Spreading dosage out across the day is more effective. When making our rankings, we only included berberine supplements that had doses that were convenient to parse out into multiple daily servings. For example, with 450 mg of berberine per capsule, it’s quite easy to get 900 or 1350 mg in two or three equally-spaced doses.
It’s not clear to what extent berberine’s absorption is positively or negatively affected by the presence of other compounds, so we can’t yet say whether you should take it on an empty stomach or after a meal.
Berberine benefits FAQs
Q: What foods contain berberine?
A: You can’t get berberine in any common foods, unless you can find barberries, goldenseal, or goldenthread at your local grocery store. It’s a compound that’s only found in a small number of plants, most of which are native to China.
To get berberine in any significant amount, you’ll need to take a berberine supplement.
Q: Is there berberine in turmeric?
A: No, berberine comes from a different plant species than the plant that produces turmeric and its primary active ingredient, curcumin.
They do, however, have some crossover on the possible health benefits of their active ingredients. Both berberine and turmeric are thought to help lower blood lipids, though they likely do so through different mechanisms.
Some very preliminary research has explored using both of these herbal extracts in combination to potentially treat type two diabetes, but this research hasn’t even been tested in humans yet.
Q: Does berberine kill good bacteria?
A: Actually, quite the contrary—scientific evidence may suggest that berberine might actually alter your body’s probiotic bacteria populations in a beneficial way.
A paper published in the Medical Science Monitor in 2011 argues that the benefits of berberine on metabolic symptoms can be attributed to alterations in probiotic bacteria levels (17).

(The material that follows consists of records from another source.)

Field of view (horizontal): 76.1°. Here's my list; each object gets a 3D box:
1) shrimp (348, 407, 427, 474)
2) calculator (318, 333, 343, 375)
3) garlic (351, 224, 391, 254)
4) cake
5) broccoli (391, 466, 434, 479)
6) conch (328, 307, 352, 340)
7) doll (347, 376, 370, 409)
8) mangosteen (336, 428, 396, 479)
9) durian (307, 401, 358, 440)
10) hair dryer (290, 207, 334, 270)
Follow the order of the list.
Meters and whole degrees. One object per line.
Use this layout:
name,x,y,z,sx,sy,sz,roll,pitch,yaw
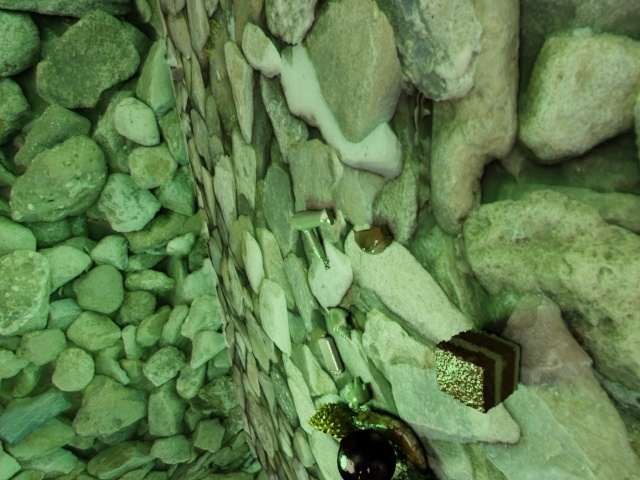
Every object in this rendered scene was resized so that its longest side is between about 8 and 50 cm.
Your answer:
shrimp,0.232,0.713,1.445,0.365,0.071,0.233,-16,97,56
calculator,0.040,0.463,1.661,0.100,0.032,0.175,-28,81,61
garlic,0.150,0.003,1.187,0.152,0.066,0.084,-10,70,58
cake,0.348,0.277,0.900,0.135,0.147,0.134,20,124,55
broccoli,0.276,0.843,1.365,0.304,0.146,0.165,94,-168,-64
conch,0.073,0.300,1.478,0.180,0.065,0.088,-132,34,-52
doll,0.140,0.570,1.527,0.150,0.077,0.115,159,130,-72
mangosteen,0.147,0.712,1.356,0.230,0.194,0.194,-177,69,-87
durian,0.054,0.734,1.665,0.183,0.138,0.250,46,157,-21
hair dryer,0.000,0.000,1.456,0.206,0.075,0.237,0,114,54
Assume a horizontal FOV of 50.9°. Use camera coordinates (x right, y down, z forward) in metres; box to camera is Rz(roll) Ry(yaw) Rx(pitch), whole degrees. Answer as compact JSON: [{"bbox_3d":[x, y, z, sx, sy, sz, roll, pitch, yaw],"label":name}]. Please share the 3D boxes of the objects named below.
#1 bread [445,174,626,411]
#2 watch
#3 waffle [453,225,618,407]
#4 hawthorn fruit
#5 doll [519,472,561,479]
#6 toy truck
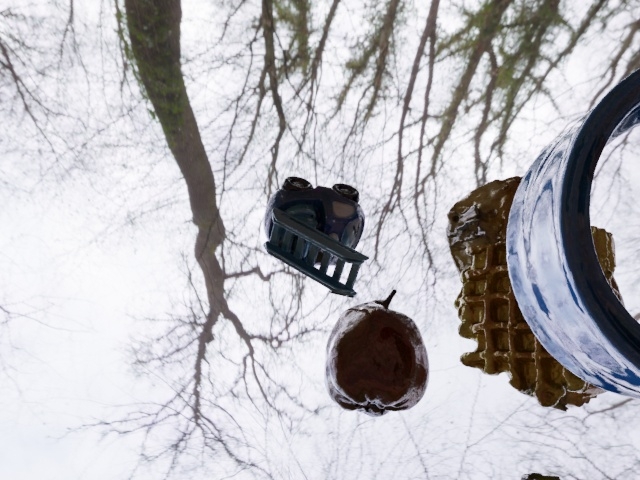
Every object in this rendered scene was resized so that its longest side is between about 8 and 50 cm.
[{"bbox_3d":[0.370,0.075,1.126,0.236,0.183,0.388,-22,-95,-47],"label":"bread"},{"bbox_3d":[0.300,-0.013,0.460,0.305,0.241,0.274,-43,-98,-8],"label":"watch"},{"bbox_3d":[0.271,0.106,0.878,0.057,0.229,0.219,19,-112,-40],"label":"waffle"},{"bbox_3d":[0.113,0.211,1.299,0.208,0.208,0.248,14,-119,1],"label":"hawthorn fruit"},{"bbox_3d":[0.287,0.386,0.800,0.081,0.129,0.207,-10,-100,-29],"label":"doll"},{"bbox_3d":[0.000,0.000,0.455,0.073,0.056,0.090,8,-151,-16],"label":"toy truck"}]
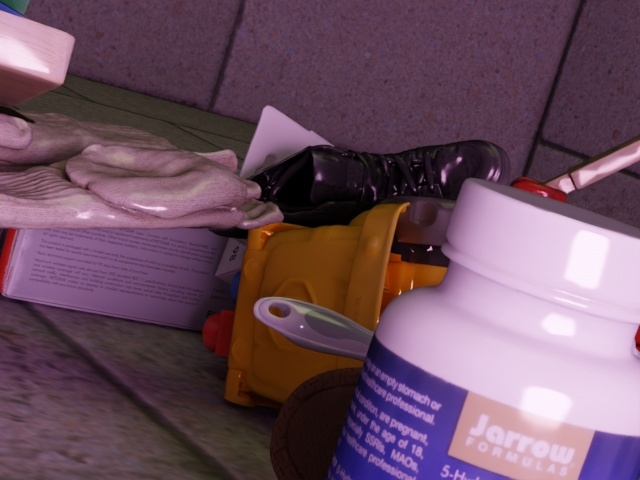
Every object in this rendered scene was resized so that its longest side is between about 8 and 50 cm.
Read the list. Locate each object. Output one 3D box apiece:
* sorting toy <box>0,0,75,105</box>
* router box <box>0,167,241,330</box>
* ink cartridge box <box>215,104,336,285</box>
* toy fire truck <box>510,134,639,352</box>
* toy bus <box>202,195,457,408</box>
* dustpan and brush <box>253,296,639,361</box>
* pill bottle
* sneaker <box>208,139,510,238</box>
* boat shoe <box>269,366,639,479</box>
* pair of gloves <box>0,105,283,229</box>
[{"bbox_3d":[-0.255,-0.151,0.799,0.257,0.089,0.255,17,-2,-16],"label":"sorting toy"},{"bbox_3d":[-0.138,-0.014,1.212,0.335,0.082,0.301,12,9,-37],"label":"router box"},{"bbox_3d":[0.000,0.000,1.083,0.180,0.104,0.060,34,-30,-28],"label":"ink cartridge box"},{"bbox_3d":[0.186,0.012,1.144,0.159,0.246,0.217,15,8,-15],"label":"toy fire truck"},{"bbox_3d":[0.042,0.058,0.970,0.211,0.149,0.220,2,-7,45],"label":"toy bus"},{"bbox_3d":[0.065,0.074,0.808,0.211,0.147,0.060,16,-31,-1],"label":"dustpan and brush"},{"bbox_3d":[0.064,0.077,0.605,0.112,0.186,0.112,17,7,-2],"label":"pill bottle"},{"bbox_3d":[0.023,-0.031,0.974,0.170,0.051,0.089,-17,-22,29],"label":"sneaker"},{"bbox_3d":[0.095,0.135,0.716,0.257,0.095,0.095,21,-16,32],"label":"boat shoe"},{"bbox_3d":[-0.148,-0.049,0.925,0.204,0.042,0.240,1,15,-29],"label":"pair of gloves"}]
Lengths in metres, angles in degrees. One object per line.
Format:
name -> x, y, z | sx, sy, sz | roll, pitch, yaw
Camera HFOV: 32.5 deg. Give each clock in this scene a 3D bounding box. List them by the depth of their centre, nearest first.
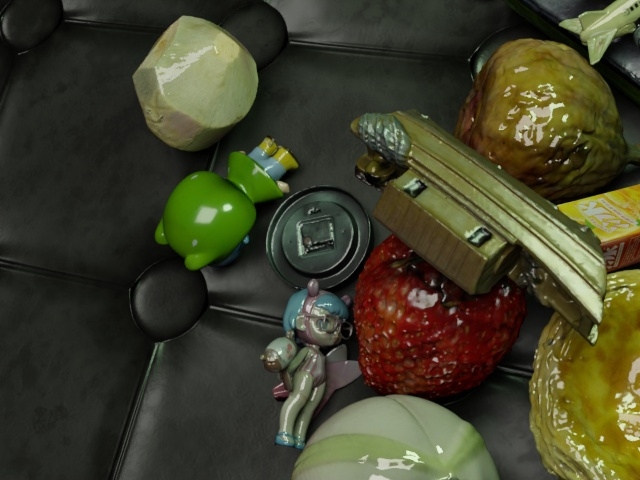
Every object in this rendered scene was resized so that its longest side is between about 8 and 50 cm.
clock -> 0.000, 0.000, 1.807 | 0.184, 0.040, 0.184 | -6, 70, 18

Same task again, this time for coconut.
coconut -> -0.212, -0.265, 1.872 | 0.197, 0.237, 0.237 | 42, 89, -14

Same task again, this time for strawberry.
strawberry -> 0.159, 0.122, 1.615 | 0.238, 0.250, 0.288 | 25, 116, -2

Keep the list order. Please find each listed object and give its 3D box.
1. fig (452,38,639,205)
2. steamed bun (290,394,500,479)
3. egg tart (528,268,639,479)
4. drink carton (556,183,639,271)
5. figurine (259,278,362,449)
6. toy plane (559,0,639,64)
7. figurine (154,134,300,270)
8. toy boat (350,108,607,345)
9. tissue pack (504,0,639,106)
fig -> 0.385, -0.140, 1.621 | 0.368, 0.286, 0.286 | 12, 75, 0
steamed bun -> 0.089, 0.342, 1.531 | 0.309, 0.309, 0.309 | -7, 70, 18
egg tart -> 0.471, 0.219, 1.487 | 0.388, 0.169, 0.388 | -6, 67, 15
drink carton -> 0.418, -0.015, 1.560 | 0.223, 0.071, 0.096 | -14, 44, -29
figurine -> -0.038, 0.189, 1.694 | 0.103, 0.205, 0.260 | 2, 74, 46
toy plane -> 0.475, -0.344, 1.580 | 0.244, 0.092, 0.229 | -27, 46, 4
figurine -> -0.155, -0.066, 1.842 | 0.162, 0.143, 0.263 | 39, 77, 25
toy boat -> 0.203, -0.023, 1.461 | 0.445, 0.136, 0.162 | 38, 69, 26
tissue pack -> 0.514, -0.380, 1.702 | 0.288, 0.124, 0.394 | -45, 63, 1
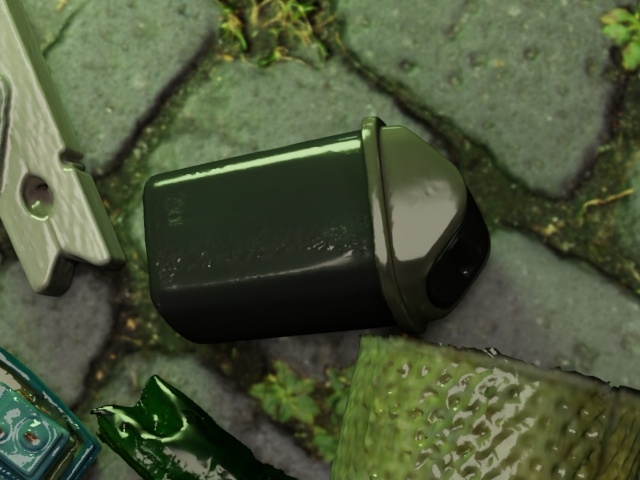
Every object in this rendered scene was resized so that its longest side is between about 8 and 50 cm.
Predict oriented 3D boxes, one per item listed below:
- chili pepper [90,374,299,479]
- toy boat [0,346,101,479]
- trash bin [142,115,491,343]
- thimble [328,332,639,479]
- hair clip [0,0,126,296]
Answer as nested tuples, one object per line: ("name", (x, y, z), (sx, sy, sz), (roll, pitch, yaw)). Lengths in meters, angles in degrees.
("chili pepper", (-0.110, 0.205, 1.592), (0.224, 0.061, 0.098), (34, 58, 11))
("toy boat", (-0.321, 0.152, 1.617), (0.238, 0.098, 0.109), (35, 82, 13))
("trash bin", (0.000, 0.000, 1.555), (0.290, 0.209, 0.182), (-9, 75, 11))
("thimble", (0.144, 0.175, 1.472), (0.271, 0.271, 0.150), (13, 84, 9))
("hair clip", (-0.291, -0.110, 1.672), (0.101, 0.085, 0.330), (-25, 83, 4))

However, at the time of writing, there were no direct experiments confirming this hypothesis. Surprisingly, little research has followed up on this line of thought, but at least there is no evidence suggesting that berberine has a negative effect on the gut microbiome in your body.
Q: Is berberine safe to take long term?
A: The long-term safety of berberine (beyond studies lasting a few months or so) has not yet been established. That’s because research on berberine in humans is fairly new, and we don’t know how berberine’s effects play out over the long term.
However, berberine appears to be both safe and effective when taken for periods of at least eight to twelve weeks, with only mild gastrointestinal side effects like constipation and stomach pain reported in a few people in these studies, so there’s a decent chance future research will find that berberine is safe over the long run.
Related: Our best berberine picks
Berberine shows an impressive range of focused health benefits, from improved blood sugar control to lower cholesterol levels to improvements in weight loss.
Aside from mild gastrointestinal complaints in a minority of people, research suggests that berberine is very safe, and its benefits could help improve your body’s ability to regulate its metabolic system, including improving your control over your blood glucose levels.